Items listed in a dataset

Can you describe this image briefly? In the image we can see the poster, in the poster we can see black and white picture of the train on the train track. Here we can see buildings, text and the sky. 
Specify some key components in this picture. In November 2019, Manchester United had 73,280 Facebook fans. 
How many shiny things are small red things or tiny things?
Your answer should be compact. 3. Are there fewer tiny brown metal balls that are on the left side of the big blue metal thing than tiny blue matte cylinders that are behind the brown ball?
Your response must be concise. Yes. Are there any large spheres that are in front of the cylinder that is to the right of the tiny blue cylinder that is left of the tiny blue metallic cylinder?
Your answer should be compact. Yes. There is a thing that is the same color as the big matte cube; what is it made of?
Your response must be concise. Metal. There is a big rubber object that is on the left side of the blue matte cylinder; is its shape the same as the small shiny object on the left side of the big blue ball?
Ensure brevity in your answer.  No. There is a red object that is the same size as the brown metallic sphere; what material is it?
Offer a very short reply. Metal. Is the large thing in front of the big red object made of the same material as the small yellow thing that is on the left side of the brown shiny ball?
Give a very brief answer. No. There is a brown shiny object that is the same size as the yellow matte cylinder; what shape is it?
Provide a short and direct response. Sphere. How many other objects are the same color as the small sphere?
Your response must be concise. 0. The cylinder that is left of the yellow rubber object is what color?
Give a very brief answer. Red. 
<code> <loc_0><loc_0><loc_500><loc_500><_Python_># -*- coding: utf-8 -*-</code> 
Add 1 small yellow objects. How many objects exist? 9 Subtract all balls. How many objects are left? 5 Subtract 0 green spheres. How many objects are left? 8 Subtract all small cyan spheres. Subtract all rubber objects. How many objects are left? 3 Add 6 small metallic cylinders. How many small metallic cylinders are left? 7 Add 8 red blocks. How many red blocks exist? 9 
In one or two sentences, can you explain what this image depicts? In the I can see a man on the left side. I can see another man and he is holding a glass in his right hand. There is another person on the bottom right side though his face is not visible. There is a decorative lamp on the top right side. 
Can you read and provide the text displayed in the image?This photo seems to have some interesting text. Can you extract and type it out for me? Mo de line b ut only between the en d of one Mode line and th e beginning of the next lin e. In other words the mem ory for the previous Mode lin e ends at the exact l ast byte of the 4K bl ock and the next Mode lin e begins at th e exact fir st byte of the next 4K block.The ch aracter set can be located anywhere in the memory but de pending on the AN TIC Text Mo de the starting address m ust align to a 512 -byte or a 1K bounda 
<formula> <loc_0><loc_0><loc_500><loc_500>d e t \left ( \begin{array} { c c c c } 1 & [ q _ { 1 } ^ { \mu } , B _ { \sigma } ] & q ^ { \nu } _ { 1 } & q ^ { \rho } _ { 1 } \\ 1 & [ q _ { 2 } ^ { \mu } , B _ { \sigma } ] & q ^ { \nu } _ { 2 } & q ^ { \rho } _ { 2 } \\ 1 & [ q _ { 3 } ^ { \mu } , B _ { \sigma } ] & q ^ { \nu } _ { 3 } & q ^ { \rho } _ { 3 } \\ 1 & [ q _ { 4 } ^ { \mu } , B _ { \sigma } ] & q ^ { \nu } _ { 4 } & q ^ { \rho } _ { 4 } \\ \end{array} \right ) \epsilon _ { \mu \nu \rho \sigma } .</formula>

■ **Assignment**
Return, unchanged, the run of lines above that opens with the line containing "Your response must be concise. Yes." and closes with the line containing "Your response must be concise. Metal.". Include both.

■ **Answer section**
Your response must be concise. Yes. Are there any large spheres that are in front of the cylinder that is to the right of the tiny blue cylinder that is left of the tiny blue metallic cylinder?
Your answer should be compact. Yes. There is a thing that is the same color as the big matte cube; what is it made of?
Your response must be concise. Metal. There is a big rubber object that is on the left side of the blue matte cylinder; is its shape the same as the small shiny object on the left side of the big blue ball?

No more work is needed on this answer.